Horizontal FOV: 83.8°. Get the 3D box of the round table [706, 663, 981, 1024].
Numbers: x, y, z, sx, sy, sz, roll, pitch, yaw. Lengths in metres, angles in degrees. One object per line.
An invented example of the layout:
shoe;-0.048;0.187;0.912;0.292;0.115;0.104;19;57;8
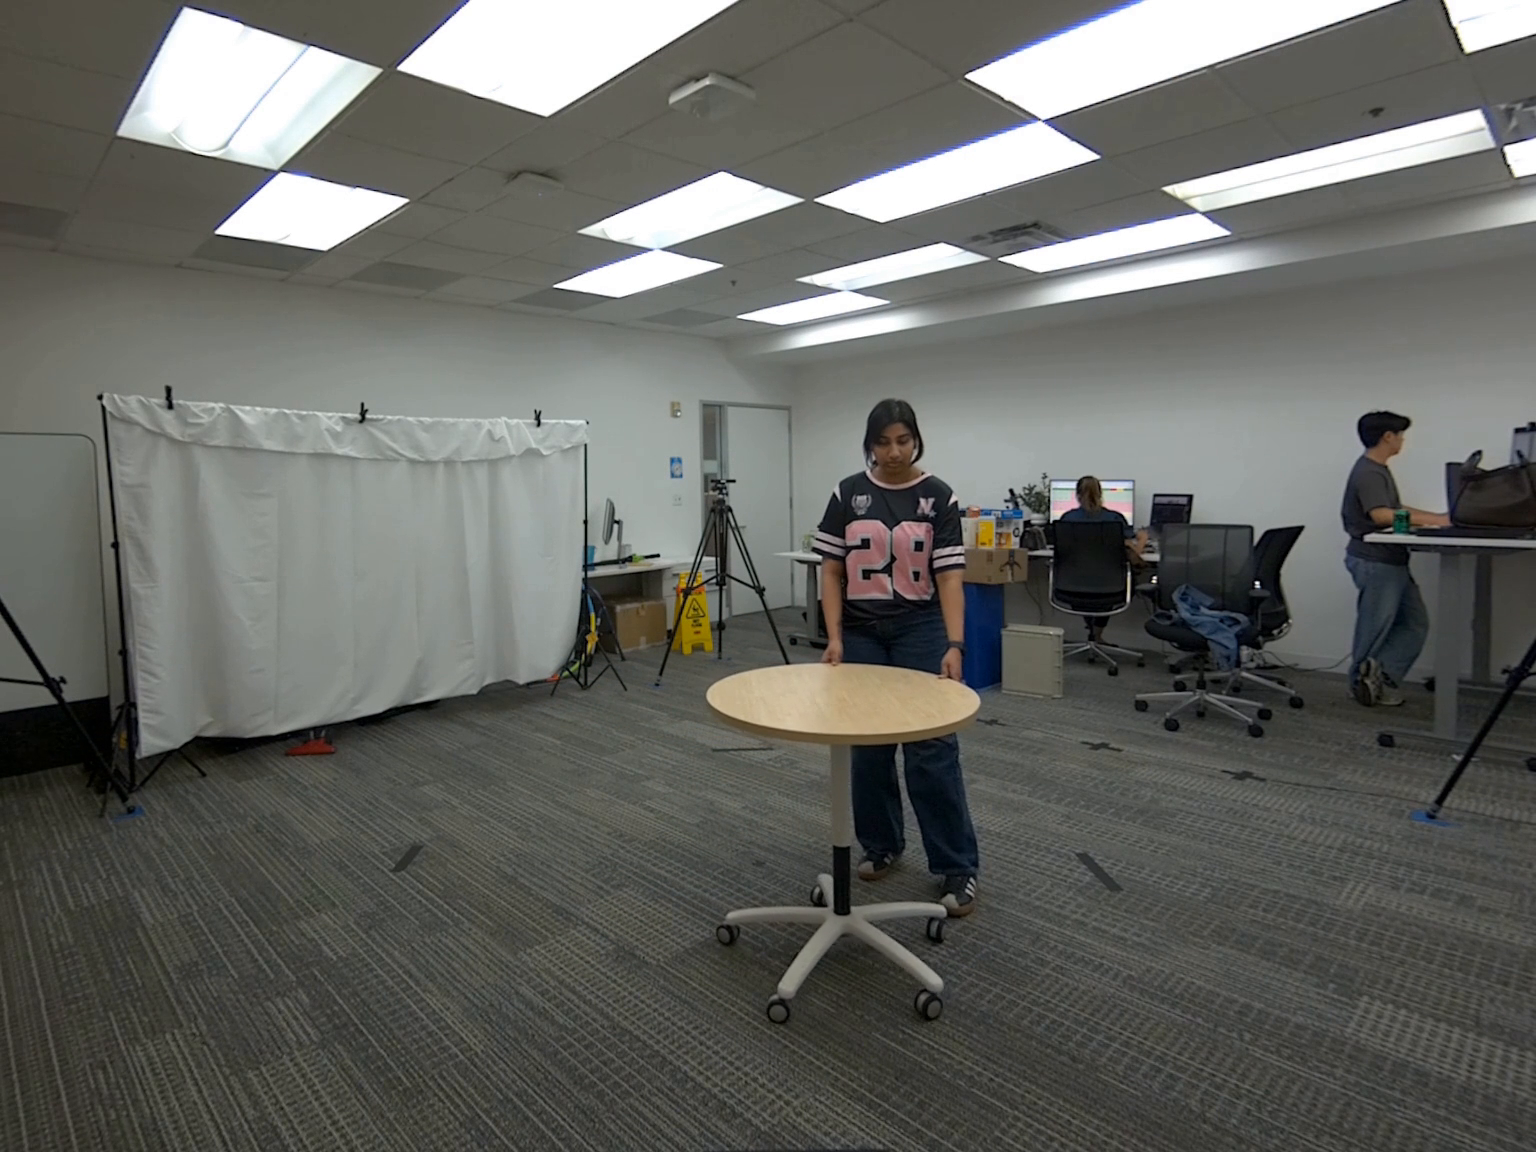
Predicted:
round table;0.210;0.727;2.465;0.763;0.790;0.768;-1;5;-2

#### WHAT THE EXERCISE ASKS:
Your reply should hold only the lines running from the one with "Numbers: x, y, z, sx, sy, sz, roll, pitch, yaw." to the end of the data above, set down exactly, pictures omitted.

#### OUTPUT OF THE EXERCISE:
Numbers: x, y, z, sx, sy, sz, roll, pitch, yaw. Lengths in metres, angles in degrees. One object per line.
An invented example of the layout:
shoe;-0.048;0.187;0.912;0.292;0.115;0.104;19;57;8
Predicted:
round table;0.210;0.727;2.465;0.763;0.790;0.768;-1;5;-2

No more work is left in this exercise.